Asansöre bindiğinde kapı kapandı ve herhangi bir düğmeye basmadığı halde yukarıya doğru hareket etmeye başladı. Üstelik asansörde sadece tek bir düğme vardı. On ikinci kat... Ancak onun da üzeri karalanıp alelacele on sekiz yazılmıştı. Birileri kararsız kalmıştı anlaşılan...
Bir süre kapı açılmadan devam eden asansör, sonra gittikçe hızlanmaya başladı ve bir anda o kadar çok hızla yukarıya çıkmaya başladı ki Derya, ister istemez dengesini kaybetti ve kendisini çekimin gücünden dolayı zemine çakılmış buldu. Sarsıntıdan doğru düşünemeyen ve etrafına bakınamayan Derya, bir süre etkisinin geçmesi için gözlerini ve kulaklarını kapattı. Asansör binanın çatısını delip de fırladığında, rahatsız edici bir gürültü tüm Japon Gülü'nde duyuldu. Sonra en tepeye yükselen asansörün cam kapısından etrafını gören Derya, Japon Gülü'ne karanlık bir gecenin bastırdığını ve gökteki yıldızlardan başka görünenin olmadığını gördü. Ancak onun ışıltılı asansörünü muhtemelen şimdi tüm Japon Gülü seyrediyordu.

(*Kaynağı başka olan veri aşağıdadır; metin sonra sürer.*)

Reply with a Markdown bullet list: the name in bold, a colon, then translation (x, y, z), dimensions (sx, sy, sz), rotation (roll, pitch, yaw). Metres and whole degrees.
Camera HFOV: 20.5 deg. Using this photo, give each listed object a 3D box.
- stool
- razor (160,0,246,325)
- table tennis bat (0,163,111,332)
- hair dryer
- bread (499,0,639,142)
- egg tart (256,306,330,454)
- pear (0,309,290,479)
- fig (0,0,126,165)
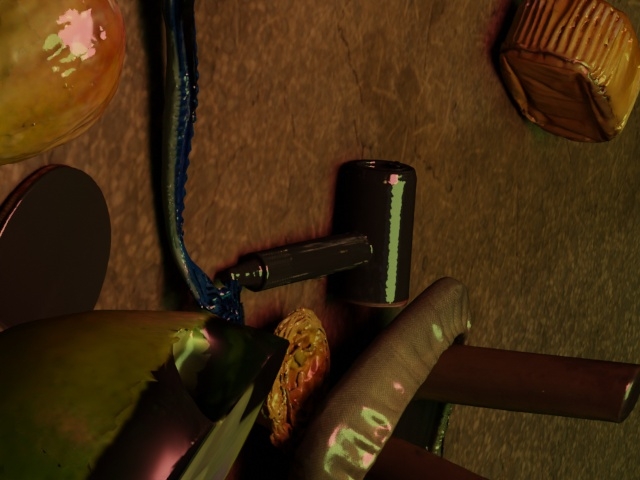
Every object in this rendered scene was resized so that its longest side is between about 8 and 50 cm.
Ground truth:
- **stool**: translation (0.122, 0.240, 1.612), dimensions (0.310, 0.226, 0.310), rotation (-45, 149, -44)
- **razor**: translation (-0.098, -0.067, 1.332), dimensions (0.093, 0.056, 0.324), rotation (-103, -174, -64)
- **table tennis bat**: translation (-0.203, 0.050, 1.215), dimensions (0.220, 0.019, 0.130), rotation (-68, 149, -23)
- **hair dryer**: translation (0.000, 0.000, 1.533), dimensions (0.255, 0.070, 0.128), rotation (-10, 108, -56)
- **bread**: translation (0.268, -0.188, 1.877), dimensions (0.114, 0.132, 0.190), rotation (-66, 153, -22)
- **egg tart**: translation (-0.031, 0.119, 1.529), dimensions (0.129, 0.049, 0.128), rotation (6, 90, -65)
- **pear**: translation (-0.194, 0.183, 1.048), dimensions (0.399, 0.165, 0.399), rotation (-58, 174, -9)
- **fig**: translation (-0.230, -0.087, 1.017), dimensions (0.257, 0.159, 0.159), rotation (-39, 135, -26)

Çığlık çığlığa tekrar düşen asansörün herhangi bir yerine tutunamayan Derya, bir süre asansörün içinde çırpınmaktan kendine gelemedi ve bu sefer de en derine çakılan asansör, bir süre yeri deldi ve tekrar yükselip sanki hiç o değilmiş gibi normal bir katta durdu.
Kapısı küçük bir zil sesiyle açıldığında Derya, yerde perişan bir halde bir süre karanlık koridora baktı ve az da olsa bir güçle sürünerek ilerleyip kendisini koridorun dışına attı. Bir süre kendine gelemese de en sonunda ayağa kalktığında bu sefer tüm duvarları boş olan karanlık koridorun sonunda bir ışık gördü. Derin bir nefes alan Derya, çaresizce o ışığa doğru ilerledi. Başına neyin geleceğini bilmiyordu, ancak buradan çıkmalıydı.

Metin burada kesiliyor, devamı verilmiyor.